Qu’est que la fasciathérapie

Définition de la fasciathérapie: 

La fasciathérapie: ostéopathie fasciale. 

La fasciathérapie a une parenté avec l’ostéopathie par son fondateur le médecin-chirurgien américain Andrew Taylor STILL ( 1828-1917 ) qui estimait beaucoup les fascias : “Je ne connais aucune partie du corps égalant le fascia comme terrain d’investigation. Au fur et à mesure que l’étude des fascias sera poursuivie, je crois que de fructueuses pensées apparaîtront à l’oeil de l’esprit, plus ici que dans n’importe quelle partie du corps. Toutefois, cette partie est, là où elle se situe, toute aussi grande et utile que n’importe quelle autre. Aucune n’est inutile.”. Par ses études, il compris que le corps humain doit être considéré dans sa globalité, comme un tout fonctionnant en harmonie parfaite. Sa conviction profonde se tourna donc vers le fascia: ” l’endroit du corps où il faut chercher la cause de la maladie”. Ce visionnaire en avance sur son temps n’a pas été suivi au niveau holistique, par la suite, par une ostéopathie plus conventionnelle.   

Un petit peu d’étymologie:

  • fascia-thérapie: du latin fascia = bande, bandelette qui serre à lier, joindre, attacher, unir et du grec therapeia = cure, par extension = soins, traitement,
  • ostéo-pathie: du grec osteon = os et pathos = souffrance. 

 

D’une manière simplifiée, les ostéopathes considèrent que le corps est un système dont on cherche les dysfonctions à l’origine du problème de santé.

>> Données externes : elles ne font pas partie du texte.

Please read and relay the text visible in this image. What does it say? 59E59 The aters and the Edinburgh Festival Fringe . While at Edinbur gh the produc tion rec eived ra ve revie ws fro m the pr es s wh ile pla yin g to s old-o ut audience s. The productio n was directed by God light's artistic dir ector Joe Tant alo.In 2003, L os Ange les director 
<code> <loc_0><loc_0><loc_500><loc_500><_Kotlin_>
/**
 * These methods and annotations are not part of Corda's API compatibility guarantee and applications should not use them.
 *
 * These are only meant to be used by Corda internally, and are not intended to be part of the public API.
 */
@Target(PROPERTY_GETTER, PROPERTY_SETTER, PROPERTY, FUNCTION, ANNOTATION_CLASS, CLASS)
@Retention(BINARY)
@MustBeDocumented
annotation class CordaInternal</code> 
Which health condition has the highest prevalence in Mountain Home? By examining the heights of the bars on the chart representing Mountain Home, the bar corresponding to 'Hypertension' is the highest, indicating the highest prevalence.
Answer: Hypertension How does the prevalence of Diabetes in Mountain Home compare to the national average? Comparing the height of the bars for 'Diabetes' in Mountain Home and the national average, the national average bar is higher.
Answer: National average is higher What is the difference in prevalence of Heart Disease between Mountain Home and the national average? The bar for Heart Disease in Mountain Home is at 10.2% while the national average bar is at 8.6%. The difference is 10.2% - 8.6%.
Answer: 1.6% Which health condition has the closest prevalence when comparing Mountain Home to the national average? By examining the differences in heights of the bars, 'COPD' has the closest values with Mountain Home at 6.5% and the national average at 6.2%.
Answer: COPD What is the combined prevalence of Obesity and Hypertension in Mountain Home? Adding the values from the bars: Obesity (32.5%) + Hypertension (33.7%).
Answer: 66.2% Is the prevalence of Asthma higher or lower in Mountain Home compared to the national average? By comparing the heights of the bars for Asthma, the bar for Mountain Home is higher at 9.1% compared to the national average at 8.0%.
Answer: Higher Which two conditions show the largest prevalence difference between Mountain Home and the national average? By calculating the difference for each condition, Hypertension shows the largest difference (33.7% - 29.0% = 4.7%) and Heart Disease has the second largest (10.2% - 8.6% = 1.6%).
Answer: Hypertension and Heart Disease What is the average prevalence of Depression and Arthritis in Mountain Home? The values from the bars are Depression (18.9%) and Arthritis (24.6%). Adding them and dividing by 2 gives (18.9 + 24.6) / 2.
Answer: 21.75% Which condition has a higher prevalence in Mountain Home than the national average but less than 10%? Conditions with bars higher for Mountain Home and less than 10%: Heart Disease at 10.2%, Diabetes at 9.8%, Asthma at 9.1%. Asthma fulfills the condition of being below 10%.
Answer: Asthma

Selon eux, des os ou vertèbres ou organes sont bloqué(e)s dans une mauvaise position et en les manipulant, l’équilibre structurel du corps est rétabli avec la disparition des symptômes et douleurs.

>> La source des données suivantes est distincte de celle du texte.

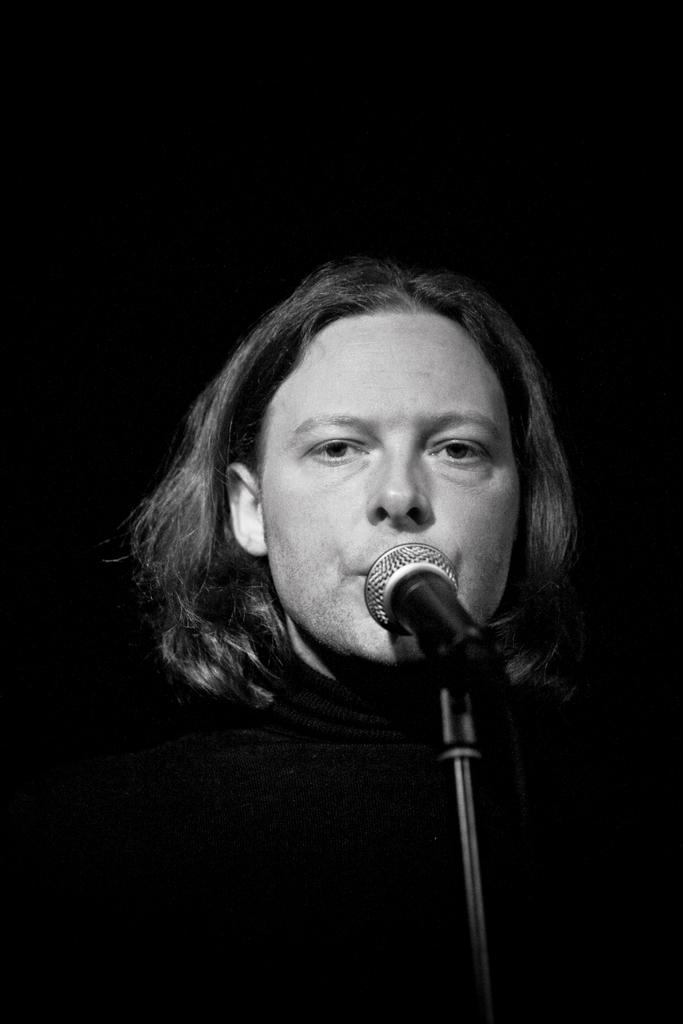Who or what is the main subject in the image? There is a person in the image. What is the person doing in the image? The person is in front of a microphone. Can you describe the background of the image? The background of the image is dark. What type of bucket can be seen in the image? There is no bucket present in the image. Is there a spring visible in the background of the image? There is no spring visible in the image; the background is dark. 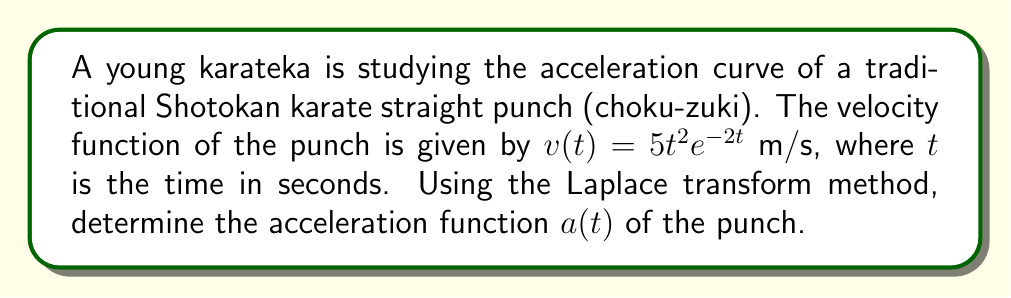What is the answer to this math problem? To solve this problem, we'll follow these steps:

1) First, we need to find the Laplace transform of the velocity function.
2) Then, we'll use the property of Laplace transforms that states: if $F(s)$ is the Laplace transform of $f(t)$, then $sF(s) - f(0)$ is the Laplace transform of $f'(t)$.
3) Finally, we'll find the inverse Laplace transform to get the acceleration function.

Step 1: Find the Laplace transform of $v(t) = 5t^2e^{-2t}$

Let $V(s)$ be the Laplace transform of $v(t)$. We know that the Laplace transform of $t^ne^{at}$ is $\frac{n!}{(s-a)^{n+1}}$.

Therefore, $V(s) = 5 \cdot \frac{2!}{(s+2)^3} = \frac{10}{(s+2)^3}$

Step 2: Use the Laplace transform property for derivatives

The Laplace transform of acceleration $a(t)$ is:

$A(s) = sV(s) - v(0)$

We know $v(0) = 0$, so:

$A(s) = sV(s) = s \cdot \frac{10}{(s+2)^3} = \frac{10s}{(s+2)^3}$

Step 3: Find the inverse Laplace transform

To find the inverse Laplace transform, we can use partial fraction decomposition:

$\frac{10s}{(s+2)^3} = \frac{10}{(s+2)^2} - \frac{20}{(s+2)^3}$

Now, we can use the inverse Laplace transform formulas:

$\mathcal{L}^{-1}\{\frac{1}{(s+a)^2}\} = te^{-at}$
$\mathcal{L}^{-1}\{\frac{1}{(s+a)^3}\} = \frac{1}{2}t^2e^{-at}$

Therefore, the acceleration function is:

$a(t) = 10te^{-2t} - 10t^2e^{-2t} = 10e^{-2t}(t - t^2)$
Answer: $a(t) = 10e^{-2t}(t - t^2)$ m/s² 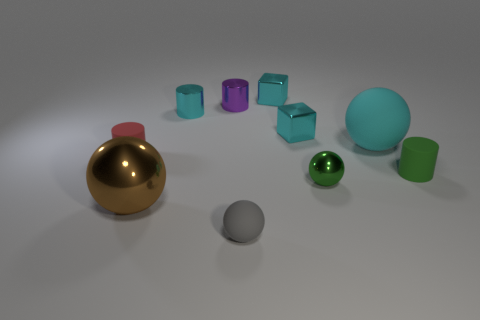There is a rubber object that is the same color as the tiny shiny sphere; what is its shape?
Your answer should be compact. Cylinder. Are there any other things that are the same material as the tiny gray object?
Your answer should be compact. Yes. Are there fewer small cyan blocks behind the small purple cylinder than large gray metallic spheres?
Your response must be concise. No. Is the number of small gray matte balls that are right of the large cyan thing greater than the number of small gray things behind the tiny red matte thing?
Provide a succinct answer. No. Are there any other things of the same color as the large shiny thing?
Give a very brief answer. No. There is a cyan object that is behind the small cyan shiny cylinder; what is it made of?
Provide a short and direct response. Metal. Do the gray rubber ball and the cyan cylinder have the same size?
Your answer should be compact. Yes. What number of other objects are there of the same size as the brown shiny ball?
Offer a very short reply. 1. Is the color of the large matte object the same as the large shiny ball?
Your answer should be very brief. No. The tiny rubber object to the left of the small ball left of the metal ball that is behind the big metallic ball is what shape?
Give a very brief answer. Cylinder.

Sur les idées du Dr Andrew Taylor STILL, dans les années 1980, la fasciathérapie voit le jour, elle est consacrée exclusivement à l’étude des fascias. 

Le fasciathérapeute a une autre vision des choses, il ne s’agit pas d’une évolution de l’ostéopathie, mais d’une réelle innovation, en plaçant le fascia au coeur du processus thérapeutique.  

Les fascias, des membranes fibro-élastiques, recouvrent et enveloppent toutes les structures anatomiques du corps, sont reliés entre eux et forment un réseau du sommet du crâne au bout des orteils, de la superficie à la profondeur. 

Ce tissu omniprésent dans le corps, à travers les systèmes – ligamentaires – tendineux – capsulo-ligamentaires et tendineux – aponévrotiques – myofasciaux – des chaînes fasciales peut avoir des tensions qui vont tirer sur des os ou vertèbres ou organes.

Le fasciathérapeute est convaincu que la détente des fascias, avec une grande précision anatomique, est préférable à la manipulation ( fonctionnelle ou structurelle ou viscérale ou crânienne ) de ces structures ( os, vertèbres, organes ), qui sont de toute manière coincées par les tensions des fascias et qui vont se remettre en place d’elles-mêmes et beaucoup mieux, quand les tensions fasciales seront enlevées.

L’action thérapeutique sera plus efficace et plus durable dans le temps: manipuler une vertèbre ne supprime pas les tensions locales et contraintes à distance des fascias sur elle; le déplacement intervertébral mineur (DIM) va revenir, inéluctablement.

Pour le patient, sans lui demander de connaître l’anatomie, il doit avoir un peu de bon sens. Beaucoup de douleurs ne rentrent pas du tout dans le protocole de manipulation vertébrale, en fonction de leurs localisations; par exemple: une douleur à l’angle supérieur de l’omoplate, des tensions au sein du muscle élévateur de la scapula va entraîner une petite inflammation locale sur l’omoplate, facilement résolue en fasciathérapie, par une pratique très ciblée.